Factorise:
`q ^(2) - 10q + 21`

To factorise the expression \( q^2 - 10q + 21 \), we will follow these steps: ### Step 1: Identify the coefficients The expression is in the standard quadratic form \( ax^2 + bx + c \), where: - \( a = 1 \) (coefficient of \( q^2 \)) - \( b = -10 \) (coefficient of \( q \)) - \( c = 21 \) (constant term) **Hint:** Identify the coefficients of the quadratic expression to understand what you are working with. ### Step 2: Find two numbers that multiply to \( ac \) and add to \( b \) We need to find two numbers that multiply to \( a \cdot c = 1 \cdot 21 = 21 \) and add to \( b = -10 \).
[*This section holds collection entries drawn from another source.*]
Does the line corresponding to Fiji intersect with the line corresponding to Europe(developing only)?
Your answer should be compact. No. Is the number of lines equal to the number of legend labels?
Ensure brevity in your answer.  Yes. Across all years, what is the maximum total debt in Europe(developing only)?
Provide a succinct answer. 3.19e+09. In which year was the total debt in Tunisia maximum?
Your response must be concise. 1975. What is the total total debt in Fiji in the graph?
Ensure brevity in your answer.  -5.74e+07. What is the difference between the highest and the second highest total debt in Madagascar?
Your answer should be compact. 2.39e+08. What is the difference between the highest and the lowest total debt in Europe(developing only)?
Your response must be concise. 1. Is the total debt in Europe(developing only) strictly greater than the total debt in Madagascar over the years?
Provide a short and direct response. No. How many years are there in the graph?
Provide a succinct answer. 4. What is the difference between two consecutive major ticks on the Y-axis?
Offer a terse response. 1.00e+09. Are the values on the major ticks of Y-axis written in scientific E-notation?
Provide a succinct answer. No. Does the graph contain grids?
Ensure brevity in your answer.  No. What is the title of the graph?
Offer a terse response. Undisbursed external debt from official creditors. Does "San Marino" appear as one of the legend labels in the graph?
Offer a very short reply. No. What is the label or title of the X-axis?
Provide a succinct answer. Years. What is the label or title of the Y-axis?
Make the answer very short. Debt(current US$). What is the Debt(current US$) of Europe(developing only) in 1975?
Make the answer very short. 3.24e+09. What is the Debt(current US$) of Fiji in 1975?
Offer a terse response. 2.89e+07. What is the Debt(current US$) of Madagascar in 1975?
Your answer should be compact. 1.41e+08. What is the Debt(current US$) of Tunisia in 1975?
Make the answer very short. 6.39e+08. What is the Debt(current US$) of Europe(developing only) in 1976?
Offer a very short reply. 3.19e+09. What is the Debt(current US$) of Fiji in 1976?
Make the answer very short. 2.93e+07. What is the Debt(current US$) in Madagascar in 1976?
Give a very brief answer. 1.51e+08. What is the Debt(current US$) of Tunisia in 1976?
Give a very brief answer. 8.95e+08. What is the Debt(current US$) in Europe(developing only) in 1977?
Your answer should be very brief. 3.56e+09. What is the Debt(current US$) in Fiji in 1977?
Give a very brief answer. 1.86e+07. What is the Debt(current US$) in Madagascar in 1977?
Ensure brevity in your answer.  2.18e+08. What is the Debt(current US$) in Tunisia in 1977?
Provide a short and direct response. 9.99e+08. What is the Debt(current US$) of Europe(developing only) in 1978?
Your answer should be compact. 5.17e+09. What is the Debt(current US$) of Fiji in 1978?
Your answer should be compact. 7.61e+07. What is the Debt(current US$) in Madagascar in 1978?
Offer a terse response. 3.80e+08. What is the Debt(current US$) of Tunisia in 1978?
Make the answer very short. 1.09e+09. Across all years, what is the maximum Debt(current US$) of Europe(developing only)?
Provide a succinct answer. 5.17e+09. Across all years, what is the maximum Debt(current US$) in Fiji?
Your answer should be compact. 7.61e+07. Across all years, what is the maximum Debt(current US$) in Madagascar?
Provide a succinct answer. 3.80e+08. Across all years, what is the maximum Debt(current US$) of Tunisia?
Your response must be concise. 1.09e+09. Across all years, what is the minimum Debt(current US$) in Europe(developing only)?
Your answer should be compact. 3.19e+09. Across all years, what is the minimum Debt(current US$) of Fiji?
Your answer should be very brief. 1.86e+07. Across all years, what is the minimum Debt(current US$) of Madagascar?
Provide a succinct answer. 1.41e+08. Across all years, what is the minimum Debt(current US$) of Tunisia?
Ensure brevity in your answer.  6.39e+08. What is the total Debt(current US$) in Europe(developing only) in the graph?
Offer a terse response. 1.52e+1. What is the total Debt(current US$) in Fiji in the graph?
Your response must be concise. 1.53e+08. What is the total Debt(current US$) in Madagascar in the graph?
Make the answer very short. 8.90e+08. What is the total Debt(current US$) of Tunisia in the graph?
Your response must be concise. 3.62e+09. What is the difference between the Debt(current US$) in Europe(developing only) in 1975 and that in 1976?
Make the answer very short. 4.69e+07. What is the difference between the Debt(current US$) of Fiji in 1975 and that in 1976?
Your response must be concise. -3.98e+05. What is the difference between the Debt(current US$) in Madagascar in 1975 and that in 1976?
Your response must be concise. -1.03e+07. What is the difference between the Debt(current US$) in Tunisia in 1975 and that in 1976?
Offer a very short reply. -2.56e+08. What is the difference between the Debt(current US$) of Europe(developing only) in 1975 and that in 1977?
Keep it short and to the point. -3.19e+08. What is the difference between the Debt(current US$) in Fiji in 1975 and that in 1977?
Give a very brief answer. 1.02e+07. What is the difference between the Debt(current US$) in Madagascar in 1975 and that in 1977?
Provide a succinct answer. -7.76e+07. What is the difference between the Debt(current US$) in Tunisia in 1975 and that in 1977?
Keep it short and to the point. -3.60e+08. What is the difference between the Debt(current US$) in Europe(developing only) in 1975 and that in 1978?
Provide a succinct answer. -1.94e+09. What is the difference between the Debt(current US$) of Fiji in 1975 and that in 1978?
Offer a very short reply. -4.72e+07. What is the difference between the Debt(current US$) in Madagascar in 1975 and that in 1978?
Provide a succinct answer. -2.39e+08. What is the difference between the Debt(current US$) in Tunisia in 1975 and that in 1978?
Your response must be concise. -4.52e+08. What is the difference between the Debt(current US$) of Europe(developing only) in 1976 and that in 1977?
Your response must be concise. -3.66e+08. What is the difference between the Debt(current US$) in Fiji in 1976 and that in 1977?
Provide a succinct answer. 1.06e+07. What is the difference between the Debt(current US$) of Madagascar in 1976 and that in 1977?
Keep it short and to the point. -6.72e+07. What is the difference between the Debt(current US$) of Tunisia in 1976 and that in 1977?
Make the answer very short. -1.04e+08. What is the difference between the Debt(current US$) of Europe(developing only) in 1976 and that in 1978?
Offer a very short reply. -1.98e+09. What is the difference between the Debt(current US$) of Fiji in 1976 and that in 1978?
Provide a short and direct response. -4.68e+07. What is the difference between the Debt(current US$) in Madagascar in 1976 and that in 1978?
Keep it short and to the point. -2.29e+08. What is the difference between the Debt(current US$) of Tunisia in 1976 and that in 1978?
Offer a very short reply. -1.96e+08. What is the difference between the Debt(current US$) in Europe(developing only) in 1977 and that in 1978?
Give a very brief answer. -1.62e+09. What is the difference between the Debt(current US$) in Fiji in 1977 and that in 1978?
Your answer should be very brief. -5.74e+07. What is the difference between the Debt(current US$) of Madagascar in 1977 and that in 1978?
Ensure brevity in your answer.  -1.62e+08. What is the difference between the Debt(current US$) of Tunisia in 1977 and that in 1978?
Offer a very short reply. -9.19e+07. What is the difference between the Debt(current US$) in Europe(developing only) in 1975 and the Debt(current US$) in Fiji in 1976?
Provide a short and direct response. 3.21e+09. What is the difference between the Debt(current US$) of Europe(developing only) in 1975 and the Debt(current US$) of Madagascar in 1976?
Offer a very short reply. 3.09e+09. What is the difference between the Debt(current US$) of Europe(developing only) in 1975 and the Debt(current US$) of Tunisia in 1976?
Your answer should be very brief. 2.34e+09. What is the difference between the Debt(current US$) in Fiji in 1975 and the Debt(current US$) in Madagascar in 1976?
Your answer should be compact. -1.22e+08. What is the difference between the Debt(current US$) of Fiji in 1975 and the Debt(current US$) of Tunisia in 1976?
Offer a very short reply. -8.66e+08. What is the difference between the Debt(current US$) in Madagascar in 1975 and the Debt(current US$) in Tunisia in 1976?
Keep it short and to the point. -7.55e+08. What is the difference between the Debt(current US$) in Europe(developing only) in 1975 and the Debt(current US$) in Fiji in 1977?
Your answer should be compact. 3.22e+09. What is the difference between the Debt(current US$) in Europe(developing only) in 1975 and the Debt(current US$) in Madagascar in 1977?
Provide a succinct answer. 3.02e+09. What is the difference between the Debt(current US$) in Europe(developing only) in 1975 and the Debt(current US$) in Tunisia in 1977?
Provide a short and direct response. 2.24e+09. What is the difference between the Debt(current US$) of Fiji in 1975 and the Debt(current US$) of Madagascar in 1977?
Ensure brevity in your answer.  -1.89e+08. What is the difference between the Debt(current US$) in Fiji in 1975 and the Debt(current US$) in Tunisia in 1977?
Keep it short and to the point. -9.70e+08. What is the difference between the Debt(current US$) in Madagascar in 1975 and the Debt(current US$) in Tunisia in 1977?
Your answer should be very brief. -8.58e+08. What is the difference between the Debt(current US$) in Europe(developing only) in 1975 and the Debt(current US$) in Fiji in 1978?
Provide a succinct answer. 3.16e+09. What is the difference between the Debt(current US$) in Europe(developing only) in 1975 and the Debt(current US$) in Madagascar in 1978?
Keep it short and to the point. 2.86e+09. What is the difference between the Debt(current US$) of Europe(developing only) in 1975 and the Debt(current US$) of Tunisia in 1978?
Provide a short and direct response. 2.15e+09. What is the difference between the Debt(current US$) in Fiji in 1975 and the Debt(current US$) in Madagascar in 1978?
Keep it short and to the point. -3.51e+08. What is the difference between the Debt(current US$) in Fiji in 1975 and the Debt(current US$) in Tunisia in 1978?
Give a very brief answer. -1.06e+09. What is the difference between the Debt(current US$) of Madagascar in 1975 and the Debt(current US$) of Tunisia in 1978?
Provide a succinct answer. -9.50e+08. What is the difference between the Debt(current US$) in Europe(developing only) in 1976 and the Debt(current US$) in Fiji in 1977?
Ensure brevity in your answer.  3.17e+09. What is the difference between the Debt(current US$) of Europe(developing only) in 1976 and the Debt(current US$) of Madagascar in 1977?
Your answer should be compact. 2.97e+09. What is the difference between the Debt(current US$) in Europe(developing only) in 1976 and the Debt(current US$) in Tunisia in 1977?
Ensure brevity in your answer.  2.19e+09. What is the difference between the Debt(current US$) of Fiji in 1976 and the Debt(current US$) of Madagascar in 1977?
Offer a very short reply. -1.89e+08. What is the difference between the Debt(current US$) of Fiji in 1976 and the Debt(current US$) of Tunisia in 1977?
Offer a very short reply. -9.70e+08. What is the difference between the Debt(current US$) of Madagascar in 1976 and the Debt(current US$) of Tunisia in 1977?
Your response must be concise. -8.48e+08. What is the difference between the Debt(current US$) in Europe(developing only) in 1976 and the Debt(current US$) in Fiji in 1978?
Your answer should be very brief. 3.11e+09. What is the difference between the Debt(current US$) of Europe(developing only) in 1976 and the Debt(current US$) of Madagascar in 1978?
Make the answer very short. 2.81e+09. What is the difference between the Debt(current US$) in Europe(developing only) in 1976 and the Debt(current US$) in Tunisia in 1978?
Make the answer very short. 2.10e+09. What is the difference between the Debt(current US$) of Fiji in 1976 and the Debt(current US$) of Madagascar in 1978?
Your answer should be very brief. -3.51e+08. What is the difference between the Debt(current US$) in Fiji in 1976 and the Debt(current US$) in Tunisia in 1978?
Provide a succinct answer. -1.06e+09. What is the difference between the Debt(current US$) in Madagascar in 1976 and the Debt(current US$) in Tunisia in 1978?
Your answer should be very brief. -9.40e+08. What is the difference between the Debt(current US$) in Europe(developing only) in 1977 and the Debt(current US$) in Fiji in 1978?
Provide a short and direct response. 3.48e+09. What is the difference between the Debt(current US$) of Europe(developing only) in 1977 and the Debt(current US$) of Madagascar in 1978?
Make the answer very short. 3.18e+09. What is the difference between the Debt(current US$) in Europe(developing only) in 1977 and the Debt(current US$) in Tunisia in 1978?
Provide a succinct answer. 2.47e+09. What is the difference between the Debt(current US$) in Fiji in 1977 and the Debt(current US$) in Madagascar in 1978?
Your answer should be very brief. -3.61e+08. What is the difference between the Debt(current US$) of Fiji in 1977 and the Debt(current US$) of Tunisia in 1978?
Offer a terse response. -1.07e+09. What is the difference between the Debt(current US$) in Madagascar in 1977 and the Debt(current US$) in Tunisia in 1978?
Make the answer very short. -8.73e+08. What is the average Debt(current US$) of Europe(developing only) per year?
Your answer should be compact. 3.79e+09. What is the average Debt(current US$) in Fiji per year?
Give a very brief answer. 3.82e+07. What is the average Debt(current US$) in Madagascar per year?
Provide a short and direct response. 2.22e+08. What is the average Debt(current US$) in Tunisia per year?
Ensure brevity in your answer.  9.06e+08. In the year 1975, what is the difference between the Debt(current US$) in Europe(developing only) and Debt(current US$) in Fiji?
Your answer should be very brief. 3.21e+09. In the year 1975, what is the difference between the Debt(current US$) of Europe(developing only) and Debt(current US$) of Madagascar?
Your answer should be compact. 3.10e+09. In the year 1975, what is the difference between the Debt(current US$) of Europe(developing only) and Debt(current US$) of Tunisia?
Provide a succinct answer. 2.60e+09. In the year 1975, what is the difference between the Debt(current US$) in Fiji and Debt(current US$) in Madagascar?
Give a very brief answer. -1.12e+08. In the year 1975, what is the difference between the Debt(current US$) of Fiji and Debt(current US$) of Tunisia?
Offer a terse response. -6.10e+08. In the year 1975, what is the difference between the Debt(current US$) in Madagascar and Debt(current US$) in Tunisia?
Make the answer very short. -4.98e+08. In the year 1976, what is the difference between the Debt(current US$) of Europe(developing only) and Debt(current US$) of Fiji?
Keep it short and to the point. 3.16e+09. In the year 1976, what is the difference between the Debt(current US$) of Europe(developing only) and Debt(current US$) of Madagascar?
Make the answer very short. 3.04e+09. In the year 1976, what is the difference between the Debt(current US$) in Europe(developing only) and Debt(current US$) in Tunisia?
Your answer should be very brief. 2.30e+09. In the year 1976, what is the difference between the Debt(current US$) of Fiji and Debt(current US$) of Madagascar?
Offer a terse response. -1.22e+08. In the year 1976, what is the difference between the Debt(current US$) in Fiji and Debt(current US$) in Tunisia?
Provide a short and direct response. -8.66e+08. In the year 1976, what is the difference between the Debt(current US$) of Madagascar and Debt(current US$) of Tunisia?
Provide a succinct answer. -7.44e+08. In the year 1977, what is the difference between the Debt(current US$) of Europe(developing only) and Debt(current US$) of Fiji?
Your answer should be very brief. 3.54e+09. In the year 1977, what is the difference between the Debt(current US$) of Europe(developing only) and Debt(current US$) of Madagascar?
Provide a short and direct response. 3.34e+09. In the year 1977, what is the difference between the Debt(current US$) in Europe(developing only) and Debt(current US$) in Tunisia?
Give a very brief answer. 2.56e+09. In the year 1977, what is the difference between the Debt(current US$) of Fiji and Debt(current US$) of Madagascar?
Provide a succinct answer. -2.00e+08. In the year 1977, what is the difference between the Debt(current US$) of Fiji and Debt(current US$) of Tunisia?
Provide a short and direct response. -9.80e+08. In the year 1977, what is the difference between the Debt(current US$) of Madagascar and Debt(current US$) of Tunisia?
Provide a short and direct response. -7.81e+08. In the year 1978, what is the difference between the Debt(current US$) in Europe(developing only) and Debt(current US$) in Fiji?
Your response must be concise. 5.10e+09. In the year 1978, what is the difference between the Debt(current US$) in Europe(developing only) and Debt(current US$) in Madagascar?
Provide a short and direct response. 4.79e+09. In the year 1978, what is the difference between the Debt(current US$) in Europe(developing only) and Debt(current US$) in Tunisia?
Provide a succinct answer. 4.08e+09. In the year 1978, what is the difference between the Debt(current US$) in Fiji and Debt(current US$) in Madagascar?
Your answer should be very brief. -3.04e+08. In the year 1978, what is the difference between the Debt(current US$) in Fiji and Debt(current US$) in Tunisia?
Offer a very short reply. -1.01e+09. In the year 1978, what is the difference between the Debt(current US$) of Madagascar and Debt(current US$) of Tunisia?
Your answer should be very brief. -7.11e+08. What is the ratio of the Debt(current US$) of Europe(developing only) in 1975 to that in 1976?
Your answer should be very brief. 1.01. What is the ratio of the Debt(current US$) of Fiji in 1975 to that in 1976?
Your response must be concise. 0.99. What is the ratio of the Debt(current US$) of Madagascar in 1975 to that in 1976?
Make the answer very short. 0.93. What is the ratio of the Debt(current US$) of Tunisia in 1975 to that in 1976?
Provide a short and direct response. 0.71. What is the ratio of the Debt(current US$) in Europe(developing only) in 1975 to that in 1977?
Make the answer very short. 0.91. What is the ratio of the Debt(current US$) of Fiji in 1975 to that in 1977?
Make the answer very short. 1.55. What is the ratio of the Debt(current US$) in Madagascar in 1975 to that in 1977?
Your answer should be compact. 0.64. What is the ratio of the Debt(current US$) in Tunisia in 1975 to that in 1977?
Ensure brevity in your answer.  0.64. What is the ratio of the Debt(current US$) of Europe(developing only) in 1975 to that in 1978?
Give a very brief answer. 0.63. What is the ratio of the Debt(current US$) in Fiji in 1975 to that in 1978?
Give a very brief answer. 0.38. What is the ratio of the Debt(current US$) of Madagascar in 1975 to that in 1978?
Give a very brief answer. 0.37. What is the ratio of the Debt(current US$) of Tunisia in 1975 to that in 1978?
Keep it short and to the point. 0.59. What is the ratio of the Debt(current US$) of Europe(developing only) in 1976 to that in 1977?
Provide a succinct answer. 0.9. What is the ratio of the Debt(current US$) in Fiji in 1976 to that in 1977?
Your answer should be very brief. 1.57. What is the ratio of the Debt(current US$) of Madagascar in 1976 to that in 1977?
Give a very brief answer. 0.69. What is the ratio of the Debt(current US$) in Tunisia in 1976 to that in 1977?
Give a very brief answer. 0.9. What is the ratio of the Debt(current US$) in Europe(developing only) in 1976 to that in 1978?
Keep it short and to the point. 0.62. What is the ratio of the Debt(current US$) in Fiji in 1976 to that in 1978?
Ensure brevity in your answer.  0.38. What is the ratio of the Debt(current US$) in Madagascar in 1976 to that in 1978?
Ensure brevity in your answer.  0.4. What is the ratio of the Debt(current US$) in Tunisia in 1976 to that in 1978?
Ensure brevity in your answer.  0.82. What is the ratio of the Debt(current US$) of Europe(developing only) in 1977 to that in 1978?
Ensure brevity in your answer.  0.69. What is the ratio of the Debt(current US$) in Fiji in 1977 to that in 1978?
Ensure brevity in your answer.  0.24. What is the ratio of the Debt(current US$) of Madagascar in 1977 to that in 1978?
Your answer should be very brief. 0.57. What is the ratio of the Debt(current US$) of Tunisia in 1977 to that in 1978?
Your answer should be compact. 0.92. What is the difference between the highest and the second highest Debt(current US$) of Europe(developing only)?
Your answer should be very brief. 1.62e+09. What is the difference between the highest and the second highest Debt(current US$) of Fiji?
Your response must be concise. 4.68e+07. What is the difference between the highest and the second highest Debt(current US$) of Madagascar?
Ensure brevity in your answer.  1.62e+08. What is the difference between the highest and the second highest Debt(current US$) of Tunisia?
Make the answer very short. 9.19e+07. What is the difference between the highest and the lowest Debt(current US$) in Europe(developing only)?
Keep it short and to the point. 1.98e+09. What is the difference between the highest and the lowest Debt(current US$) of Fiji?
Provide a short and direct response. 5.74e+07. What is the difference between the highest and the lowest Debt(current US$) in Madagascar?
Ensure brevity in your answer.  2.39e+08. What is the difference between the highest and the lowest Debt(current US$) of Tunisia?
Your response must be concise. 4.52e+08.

The two numbers that meet these criteria are \( -3 \) and \( -7 \): - \( -3 \times -7 = 21 \) - \( -3 + -7 = -10 \) **Hint:** Look for pairs of factors of the constant term that also add up to the coefficient of \( q \). ### Step 3: Rewrite the middle term Using the two numbers found, we can rewrite the expression: \[ q^2 - 10q + 21 = q^2 - 3q - 7q + 21 \] **Hint:** Break down the middle term into two terms using the numbers you found. ### Step 4: Group the terms Now we group the terms: \[ (q^2 - 3q) + (-7q + 21) \] **Hint:** Group the terms in pairs to prepare for factoring. ### Step 5: Factor out the common terms Now, we factor out the common factors from each group: \[ q(q - 3) - 7(q - 3) \] **Hint:** Look for common factors in each group and factor them out. ### Step 6: Factor by grouping Now we can factor out the common binomial factor \( (q - 3) \): \[ (q - 3)(q - 7) \] **Hint:** Once you have a common factor, factor it out to simplify the expression. ### Final Answer Thus, the factorised form of \( q^2 - 10q + 21 \) is: \[ (q - 3)(q - 7) \]